Батарея с ходу заняла позицию, удобную для стрельбы прямой наводкой. Место открытое со всех сторон, и враг мог легко разбить и с земли, и с воздуха оставшиеся три орудия. Но окапывать, прятать их было некогда — танки противника могли появиться в любую минуту.

Когда ездовые уже увели конные упряжки в укрытия, обнаружилось вдруг, что не захватили подкалиберных снарядов. Алеша, негодуя на командиров орудий и на самого себя, крикнул Кудинову:

— Ты привезешь, Егор. Бери фургон — и аллюр три креста! На это тебе — десять минут.

Кудинову не надо было говорить дважды. Он нашел ездовых, и вот один фургон запылил в сторону прежней огневой позиции. Ездовой, заливисто покрикивая, стегал коней плетью и с опаской поглядывал на небо. Если «юнкерсы» нагрянут, пиши пропало — спрятаться негде.
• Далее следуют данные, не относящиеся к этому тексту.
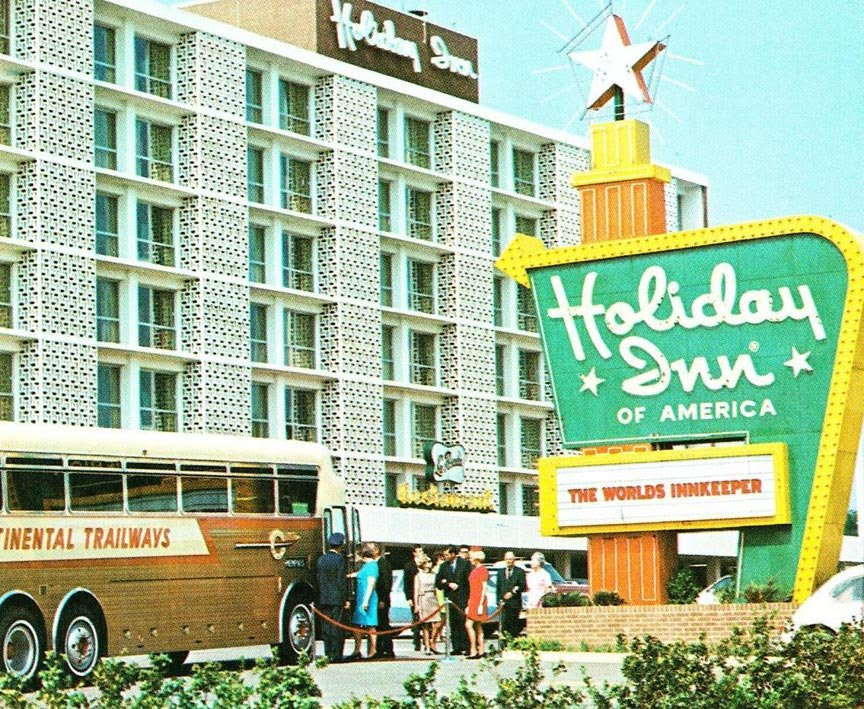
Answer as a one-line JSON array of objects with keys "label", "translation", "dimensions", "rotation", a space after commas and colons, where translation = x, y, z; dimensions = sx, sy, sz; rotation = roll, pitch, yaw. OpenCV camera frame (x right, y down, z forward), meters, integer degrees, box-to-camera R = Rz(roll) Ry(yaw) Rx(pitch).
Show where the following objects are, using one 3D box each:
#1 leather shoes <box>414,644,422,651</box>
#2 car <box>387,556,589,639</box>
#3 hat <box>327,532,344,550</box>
[{"label": "leather shoes", "translation": [-0.335, 6.234, 38.899], "dimensions": [0.129, 0.129, 0.132], "rotation": [-1, -5, 6]}, {"label": "car", "translation": [1.060, 6.108, 45.336], "dimensions": [5.023, 1.886, 2.461], "rotation": [-7, -9, 29]}, {"label": "hat", "translation": [-1.841, 3.553, 35.054], "dimensions": [0.244, 0.327, 0.321], "rotation": [5, 25, 5]}]

— Расчетам рыть ровики, — скомандовал Алеша, поднимая с земли лопату. Земля была неподатливой. Но Алеша копал и копал, окопчик углублялся понемногу, вскоре в нем уже можно было укрыться.

Артиллеристы, занятые нелегкой работой, не сразу заметили, как неподалеку слева, у кургана со столбиком, выстроились в ряд несколько «катюш». Могучий залп потряс воздух. А гвардейские минометы, не медля ни минуты, выскочили из облака пыли, поднятой ими, и умчались в низину. Им нельзя задерживаться на огневой позиции, потому что враг поспешит расстрелять их.